What you need to do: Lines with the word "guests": copy all of them from the entries below.

Dataset records
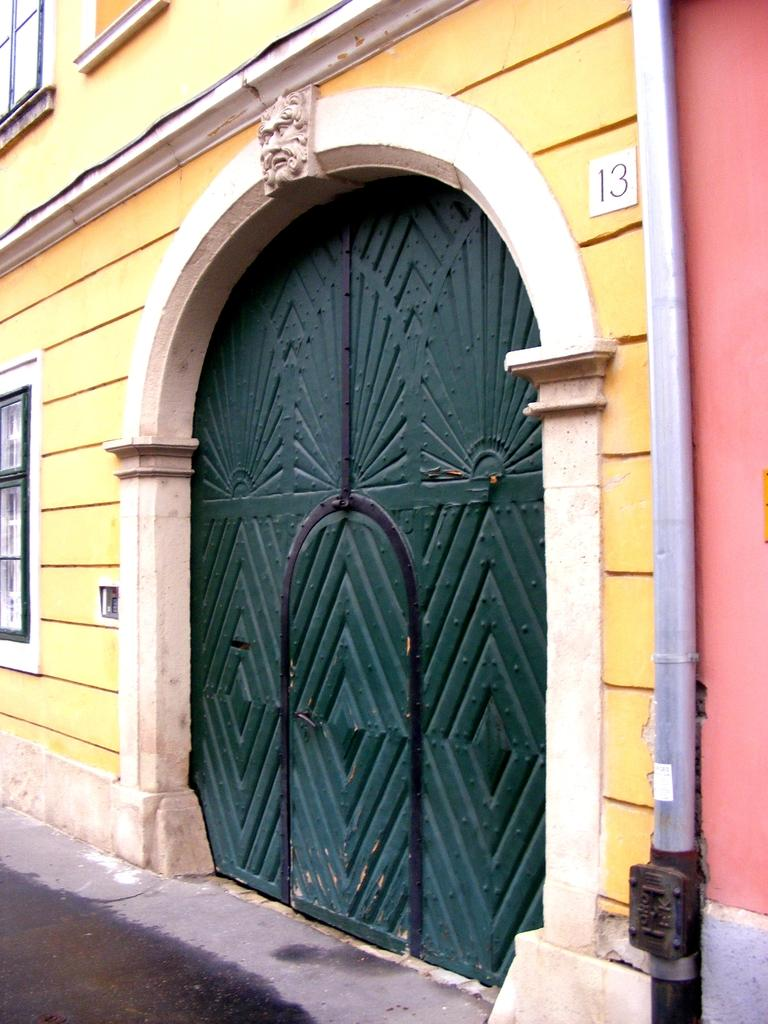What type of structure is visible in the image? There is a building in the image. What features can be seen on the building? The building has windows and a door. What architectural element is present in the image? There is an arch in the image. What is on top of the arch? There is a sculpture on the arch. What can be found on the wall of the building? There is a number on the wall and a pipe on the wall. What type of flesh can be seen hanging from the pipe in the image? There is no flesh present in the image; the pipe is attached to the wall with no visible objects hanging from it. 
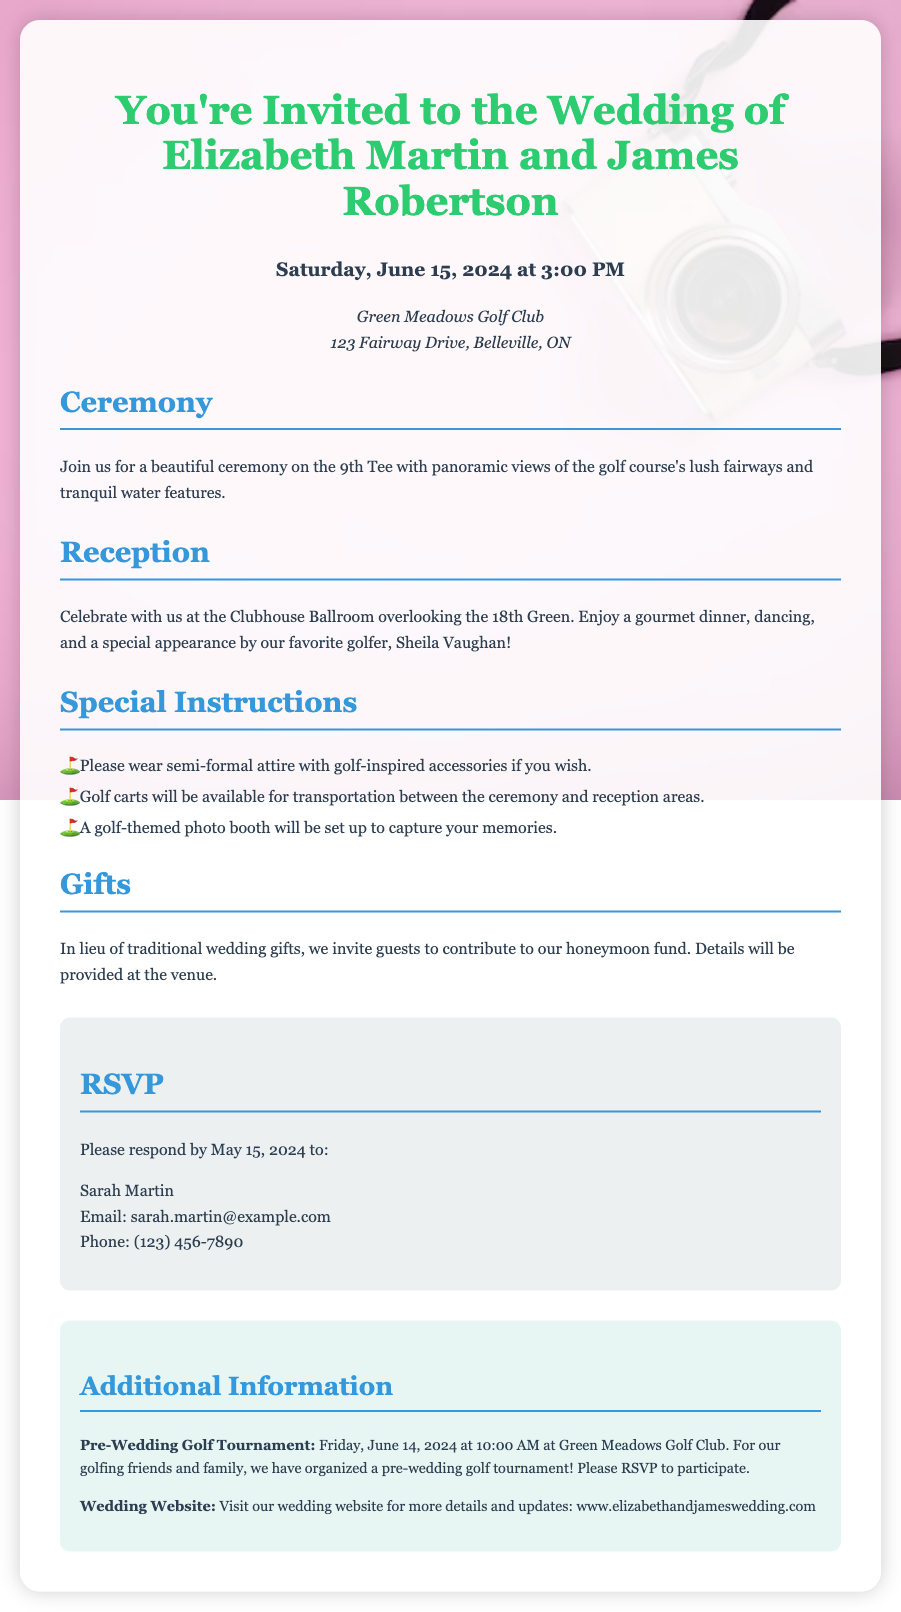What are the names of the couple? The names are stated prominently at the top of the invitation.
Answer: Elizabeth Martin and James Robertson When is the wedding date? The date is specified in the invitation under the date and time section.
Answer: Saturday, June 15, 2024 Where is the ceremony taking place? The location for the ceremony is mentioned in the venue section.
Answer: 9th Tee at Green Meadows Golf Club What type of attire is suggested? The suggested attire is located in the special instructions section.
Answer: Semi-formal attire What special feature is included in the reception? The special feature is stated in the reception section regarding entertainment.
Answer: Appearance by Sheila Vaughan What is the RSVP deadline? The deadline for RSVPs is clearly mentioned in the RSVP section.
Answer: May 15, 2024 Is there a pre-wedding event? The invitation mentions a pre-wedding event and its date.
Answer: Pre-Wedding Golf Tournament What should guests contribute to instead of gifts? This information is provided in the gifts section of the invitation.
Answer: Honeymoon fund How can guests confirm their attendance? The RSVP section outlines how guests can respond.
Answer: Email or Phone 
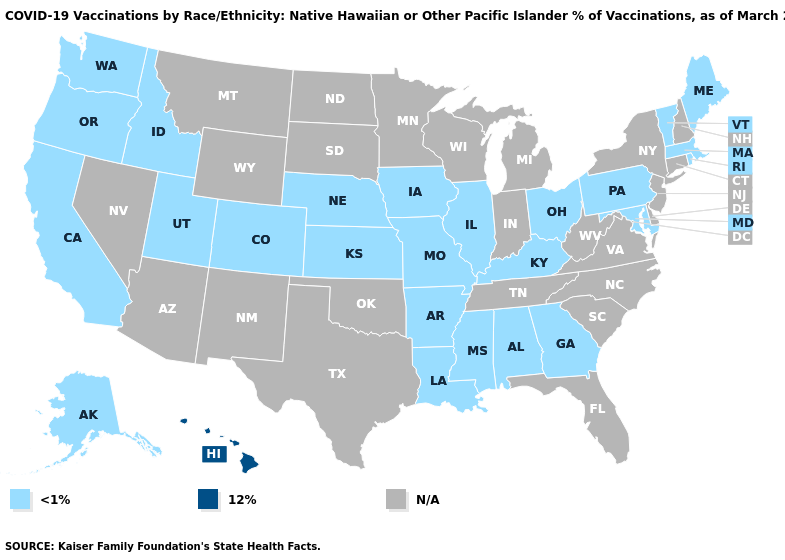Name the states that have a value in the range N/A?
Keep it brief. Arizona, Connecticut, Delaware, Florida, Indiana, Michigan, Minnesota, Montana, Nevada, New Hampshire, New Jersey, New Mexico, New York, North Carolina, North Dakota, Oklahoma, South Carolina, South Dakota, Tennessee, Texas, Virginia, West Virginia, Wisconsin, Wyoming. Name the states that have a value in the range <1%?
Short answer required. Alabama, Alaska, Arkansas, California, Colorado, Georgia, Idaho, Illinois, Iowa, Kansas, Kentucky, Louisiana, Maine, Maryland, Massachusetts, Mississippi, Missouri, Nebraska, Ohio, Oregon, Pennsylvania, Rhode Island, Utah, Vermont, Washington. Name the states that have a value in the range N/A?
Give a very brief answer. Arizona, Connecticut, Delaware, Florida, Indiana, Michigan, Minnesota, Montana, Nevada, New Hampshire, New Jersey, New Mexico, New York, North Carolina, North Dakota, Oklahoma, South Carolina, South Dakota, Tennessee, Texas, Virginia, West Virginia, Wisconsin, Wyoming. What is the lowest value in states that border Washington?
Short answer required. <1%. Is the legend a continuous bar?
Give a very brief answer. No. Name the states that have a value in the range 12%?
Give a very brief answer. Hawaii. Name the states that have a value in the range N/A?
Give a very brief answer. Arizona, Connecticut, Delaware, Florida, Indiana, Michigan, Minnesota, Montana, Nevada, New Hampshire, New Jersey, New Mexico, New York, North Carolina, North Dakota, Oklahoma, South Carolina, South Dakota, Tennessee, Texas, Virginia, West Virginia, Wisconsin, Wyoming. What is the value of Vermont?
Quick response, please. <1%. What is the value of Illinois?
Answer briefly. <1%. What is the value of New York?
Short answer required. N/A. Name the states that have a value in the range N/A?
Keep it brief. Arizona, Connecticut, Delaware, Florida, Indiana, Michigan, Minnesota, Montana, Nevada, New Hampshire, New Jersey, New Mexico, New York, North Carolina, North Dakota, Oklahoma, South Carolina, South Dakota, Tennessee, Texas, Virginia, West Virginia, Wisconsin, Wyoming. What is the value of Indiana?
Keep it brief. N/A. What is the value of Rhode Island?
Answer briefly. <1%. Among the states that border Arizona , which have the highest value?
Write a very short answer. California, Colorado, Utah. What is the value of Maine?
Give a very brief answer. <1%.

The answer:
Answer: Pre-Wedding Golf Tournament What should guests contribute to instead of gifts? This information is provided in the gifts section of the invitation.
Answer: Honeymoon fund How can guests confirm their attendance? The RSVP section outlines how guests can respond.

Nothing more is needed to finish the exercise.